Data supplied:

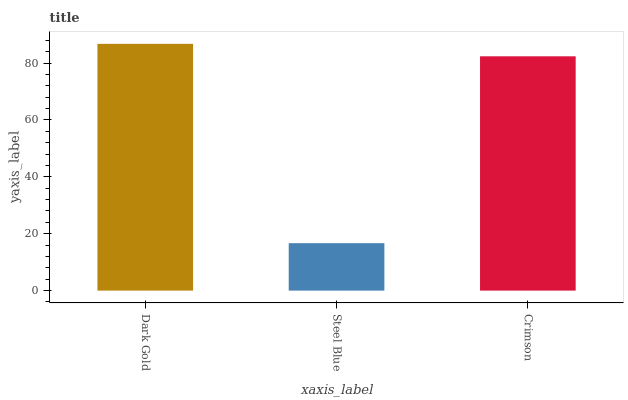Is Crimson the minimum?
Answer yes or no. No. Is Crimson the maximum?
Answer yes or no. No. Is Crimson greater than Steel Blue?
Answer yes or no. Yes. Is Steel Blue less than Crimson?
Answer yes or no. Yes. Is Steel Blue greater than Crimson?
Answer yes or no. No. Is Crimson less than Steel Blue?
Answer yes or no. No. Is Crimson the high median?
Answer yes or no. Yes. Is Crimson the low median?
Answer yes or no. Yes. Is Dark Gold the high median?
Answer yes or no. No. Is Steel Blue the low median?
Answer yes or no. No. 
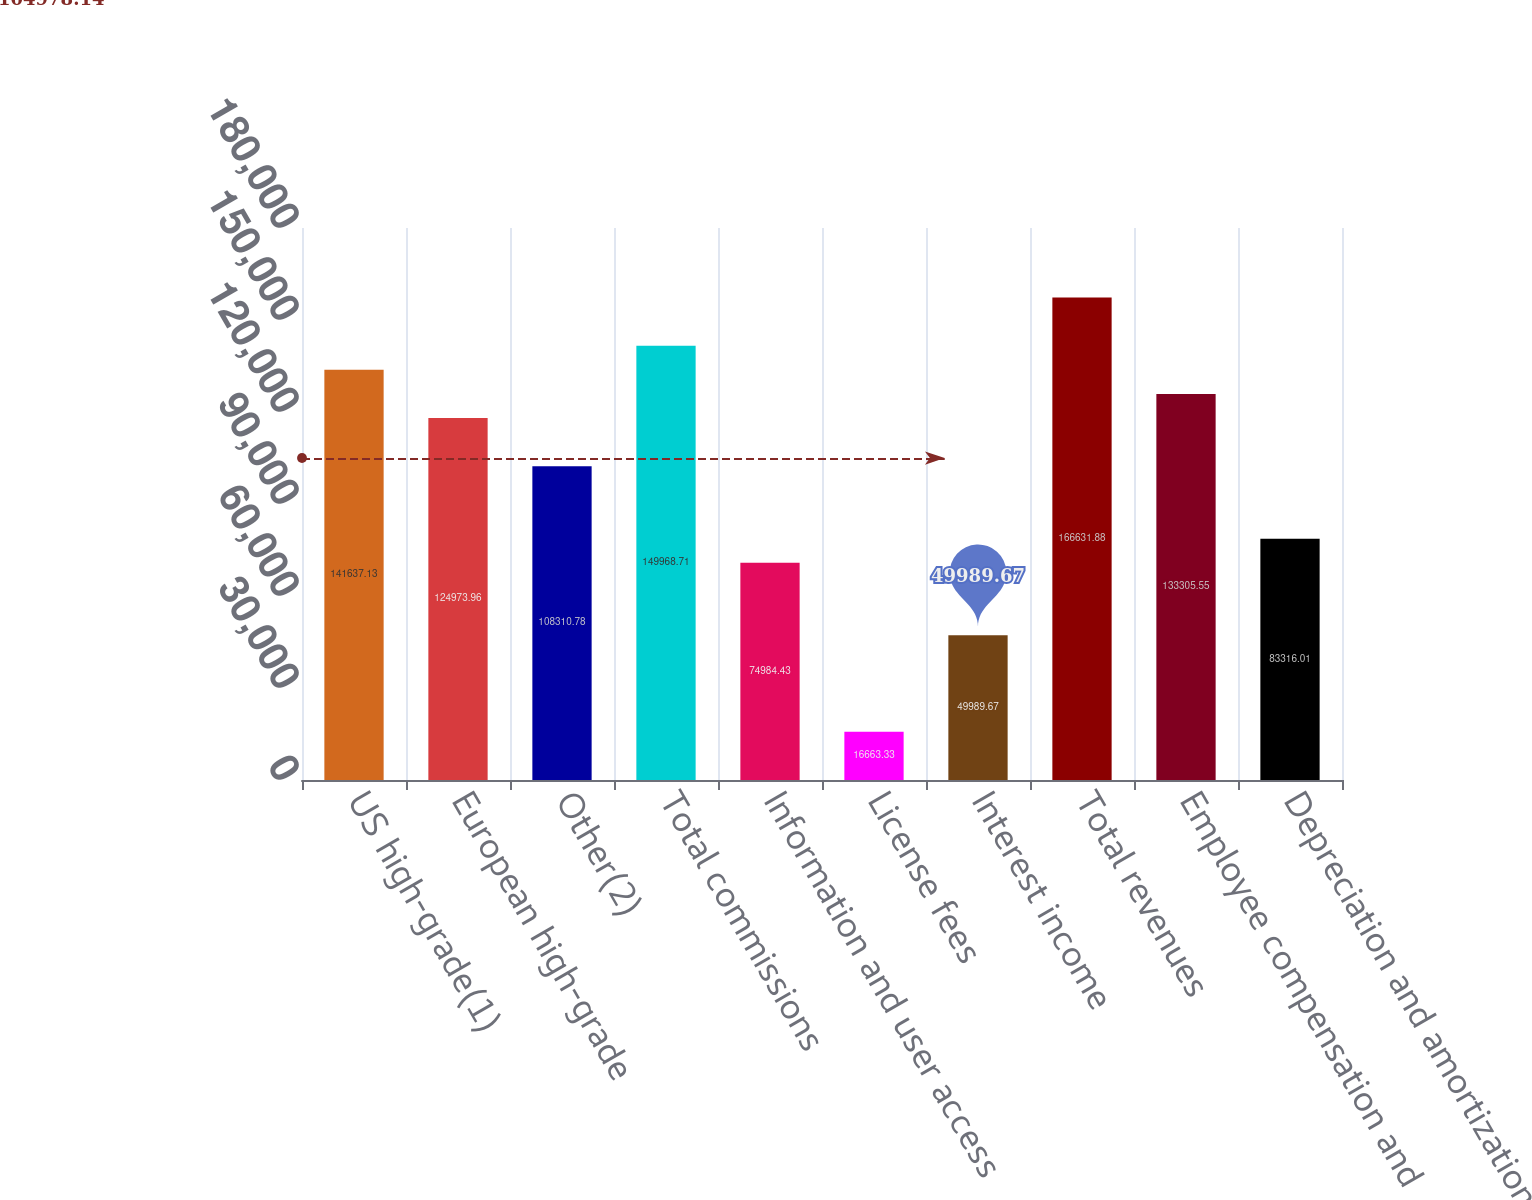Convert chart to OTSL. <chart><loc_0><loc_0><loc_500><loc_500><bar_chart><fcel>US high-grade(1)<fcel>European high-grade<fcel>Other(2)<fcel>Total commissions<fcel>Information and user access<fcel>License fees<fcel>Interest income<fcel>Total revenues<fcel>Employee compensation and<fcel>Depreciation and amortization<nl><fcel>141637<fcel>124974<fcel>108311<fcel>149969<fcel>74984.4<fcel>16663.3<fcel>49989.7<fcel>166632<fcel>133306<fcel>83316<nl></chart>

What the task requires:
Copy all of the listing word for word, minus the images.

Result for this exercise:
Is Crimson the minimum?
Answer yes or no. No. Is Crimson the maximum?
Answer yes or no. No. Is Crimson greater than Steel Blue?
Answer yes or no. Yes. Is Steel Blue less than Crimson?
Answer yes or no. Yes. Is Steel Blue greater than Crimson?
Answer yes or no. No. Is Crimson less than Steel Blue?
Answer yes or no. No. Is Crimson the high median?
Answer yes or no. Yes. Is Crimson the low median?
Answer yes or no. Yes. Is Dark Gold the high median?
Answer yes or no. No. Is Steel Blue the low median?
Answer yes or no. No. 
Convert chart to OTSL. <chart><loc_0><loc_0><loc_500><loc_500><bar_chart><fcel>US high-grade(1)<fcel>European high-grade<fcel>Other(2)<fcel>Total commissions<fcel>Information and user access<fcel>License fees<fcel>Interest income<fcel>Total revenues<fcel>Employee compensation and<fcel>Depreciation and amortization<nl><fcel>141637<fcel>124974<fcel>108311<fcel>149969<fcel>74984.4<fcel>16663.3<fcel>49989.7<fcel>166632<fcel>133306<fcel>83316<nl></chart>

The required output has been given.